• **Your instructions**: Your task is to repeat the lines below exactly, excluding any pictures they contain.

[Items listed in a dataset]
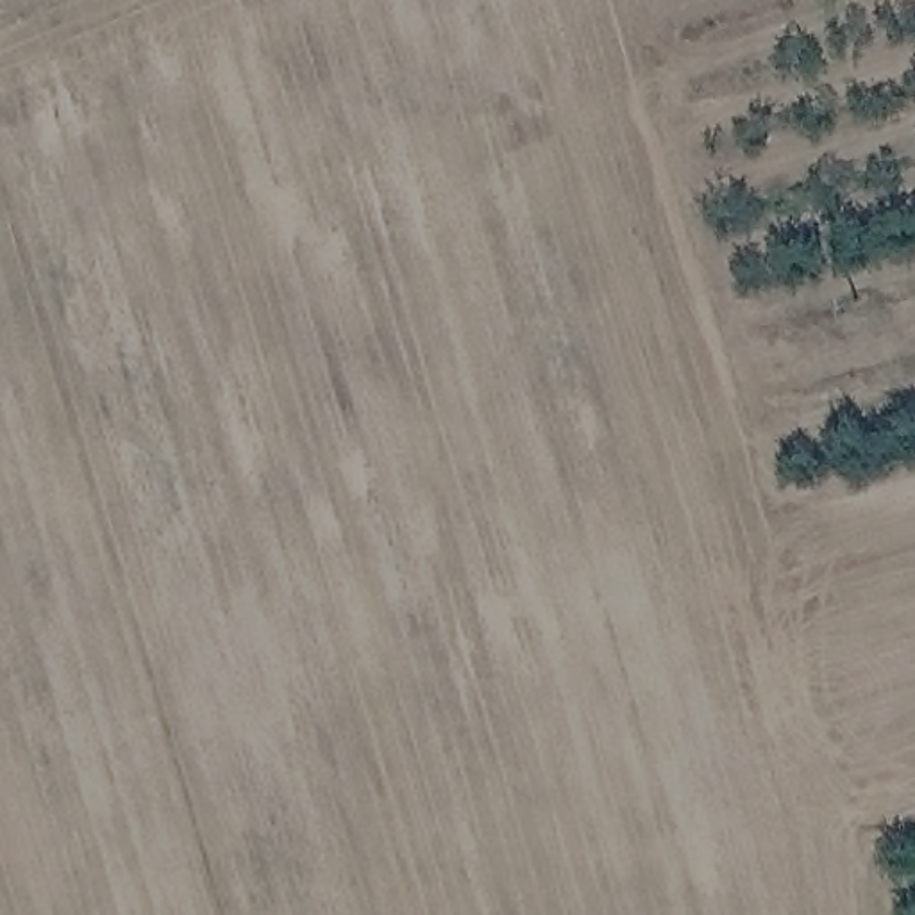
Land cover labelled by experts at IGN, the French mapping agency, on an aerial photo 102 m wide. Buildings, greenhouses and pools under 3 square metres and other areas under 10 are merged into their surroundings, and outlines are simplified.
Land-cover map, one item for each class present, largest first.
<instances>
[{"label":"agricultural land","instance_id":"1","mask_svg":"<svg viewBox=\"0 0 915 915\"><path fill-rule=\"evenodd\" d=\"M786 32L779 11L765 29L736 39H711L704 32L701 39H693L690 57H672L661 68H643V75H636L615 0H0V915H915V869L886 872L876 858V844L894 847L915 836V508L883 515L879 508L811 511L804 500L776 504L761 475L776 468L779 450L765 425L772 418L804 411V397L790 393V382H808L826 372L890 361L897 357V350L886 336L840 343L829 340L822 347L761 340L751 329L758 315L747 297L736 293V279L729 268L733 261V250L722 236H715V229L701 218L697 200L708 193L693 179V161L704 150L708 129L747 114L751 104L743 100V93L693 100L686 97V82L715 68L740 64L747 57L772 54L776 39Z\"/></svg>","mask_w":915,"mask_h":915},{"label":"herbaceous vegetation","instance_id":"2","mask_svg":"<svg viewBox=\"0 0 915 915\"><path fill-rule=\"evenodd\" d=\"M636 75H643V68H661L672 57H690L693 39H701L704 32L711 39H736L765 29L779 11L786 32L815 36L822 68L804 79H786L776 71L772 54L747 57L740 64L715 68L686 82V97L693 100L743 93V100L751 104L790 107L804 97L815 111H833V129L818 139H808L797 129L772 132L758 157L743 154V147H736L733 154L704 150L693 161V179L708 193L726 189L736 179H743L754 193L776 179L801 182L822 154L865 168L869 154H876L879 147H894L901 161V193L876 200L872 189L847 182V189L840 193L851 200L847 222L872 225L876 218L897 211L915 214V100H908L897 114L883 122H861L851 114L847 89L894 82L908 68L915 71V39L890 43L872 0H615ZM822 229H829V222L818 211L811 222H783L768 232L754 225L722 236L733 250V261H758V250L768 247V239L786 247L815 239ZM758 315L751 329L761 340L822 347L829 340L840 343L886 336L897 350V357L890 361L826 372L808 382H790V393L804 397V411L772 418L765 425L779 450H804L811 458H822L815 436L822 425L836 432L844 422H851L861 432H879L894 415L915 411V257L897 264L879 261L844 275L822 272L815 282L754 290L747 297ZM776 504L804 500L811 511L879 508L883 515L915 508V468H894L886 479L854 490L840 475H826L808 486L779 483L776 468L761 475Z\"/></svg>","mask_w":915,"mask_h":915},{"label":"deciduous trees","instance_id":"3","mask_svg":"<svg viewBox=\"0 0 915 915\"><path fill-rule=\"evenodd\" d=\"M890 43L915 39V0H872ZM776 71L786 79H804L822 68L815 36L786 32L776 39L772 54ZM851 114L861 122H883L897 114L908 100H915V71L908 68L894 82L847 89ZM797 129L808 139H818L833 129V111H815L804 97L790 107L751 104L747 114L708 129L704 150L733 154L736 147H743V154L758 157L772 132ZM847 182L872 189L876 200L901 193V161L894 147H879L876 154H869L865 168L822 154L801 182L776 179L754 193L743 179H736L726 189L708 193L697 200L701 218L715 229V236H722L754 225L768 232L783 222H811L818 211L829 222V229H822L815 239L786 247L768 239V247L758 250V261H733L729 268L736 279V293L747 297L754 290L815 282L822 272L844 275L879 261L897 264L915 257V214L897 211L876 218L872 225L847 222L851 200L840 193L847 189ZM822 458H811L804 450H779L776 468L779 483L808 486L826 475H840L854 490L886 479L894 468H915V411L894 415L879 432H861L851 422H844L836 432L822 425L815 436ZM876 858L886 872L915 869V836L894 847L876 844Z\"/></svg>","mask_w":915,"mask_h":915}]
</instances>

• **Answer area**:
Land cover labelled by experts at IGN, the French mapping agency, on an aerial photo 102 m wide. Buildings, greenhouses and pools under 3 square metres and other areas under 10 are merged into their surroundings, and outlines are simplified.
Land-cover map, one item for each class present, largest first.
<instances>
[{"label":"agricultural land","instance_id":"1","mask_svg":"<svg viewBox=\"0 0 915 915\"><path fill-rule=\"evenodd\" d=\"M786 32L779 11L765 29L736 39H711L704 32L701 39H693L690 57H672L661 68H643V75H636L615 0H0V915H915V869L886 872L876 858V844L894 847L915 836V508L883 515L879 508L811 511L804 500L776 504L761 475L776 468L779 450L765 425L772 418L804 411V397L790 393V382H808L826 372L890 361L897 357V350L886 336L840 343L829 340L822 347L761 340L751 329L758 315L747 297L736 293V279L729 268L733 261V250L722 236H715V229L701 218L697 200L708 193L693 179V161L704 150L708 129L747 114L751 104L743 100V93L693 100L686 97V82L715 68L740 64L747 57L772 54L776 39Z\"/></svg>","mask_w":915,"mask_h":915},{"label":"herbaceous vegetation","instance_id":"2","mask_svg":"<svg viewBox=\"0 0 915 915\"><path fill-rule=\"evenodd\" d=\"M636 75H643V68H661L672 57H690L693 39H701L704 32L711 39H736L765 29L779 11L786 32L815 36L822 68L804 79H786L776 71L772 54L747 57L740 64L715 68L686 82V97L693 100L743 93V100L751 104L790 107L804 97L815 111H833V129L818 139H808L797 129L772 132L758 157L743 154V147H736L733 154L704 150L693 161V179L708 193L726 189L736 179H743L754 193L776 179L801 182L822 154L865 168L869 154H876L879 147H894L901 161V193L876 200L872 189L847 182V189L840 193L851 200L847 222L872 225L876 218L897 211L915 214V100H908L897 114L883 122H861L851 114L847 89L894 82L908 68L915 71V39L890 43L872 0H615ZM822 229H829V222L818 211L811 222H783L768 232L754 225L722 236L733 250V261H758V250L768 247V239L786 247L815 239ZM758 315L751 329L761 340L822 347L829 340L840 343L886 336L897 350V357L890 361L826 372L808 382H790V393L804 397V411L772 418L765 425L779 450H804L811 458H822L815 436L822 425L836 432L844 422H851L861 432H879L894 415L915 411V257L897 264L879 261L844 275L822 272L815 282L754 290L747 297ZM776 504L804 500L811 511L879 508L883 515L915 508V468H894L886 479L854 490L840 475H826L808 486L779 483L776 468L761 475Z\"/></svg>","mask_w":915,"mask_h":915},{"label":"deciduous trees","instance_id":"3","mask_svg":"<svg viewBox=\"0 0 915 915\"><path fill-rule=\"evenodd\" d=\"M890 43L915 39V0H872ZM776 71L786 79H804L822 68L815 36L786 32L776 39L772 54ZM851 114L861 122H883L897 114L908 100H915V71L908 68L894 82L847 89ZM797 129L808 139H818L833 129V111H815L804 97L790 107L751 104L747 114L708 129L704 150L733 154L736 147H743V154L758 157L772 132ZM847 182L872 189L876 200L901 193V161L894 147H879L876 154H869L865 168L822 154L801 182L776 179L754 193L743 179H736L726 189L708 193L697 200L701 218L715 229V236H722L754 225L768 232L783 222H811L818 211L829 222V229H822L815 239L786 247L768 239V247L758 250V261H733L729 268L736 279V293L747 297L754 290L815 282L822 272L844 275L879 261L897 264L915 257V214L897 211L876 218L872 225L847 222L851 200L840 193L847 189ZM822 458H811L804 450H779L776 468L779 483L808 486L826 475H840L854 490L886 479L894 468H915V411L894 415L879 432H861L851 422H844L836 432L822 425L815 436ZM876 858L886 872L915 869V836L894 847L876 844Z\"/></svg>","mask_w":915,"mask_h":915}]
</instances>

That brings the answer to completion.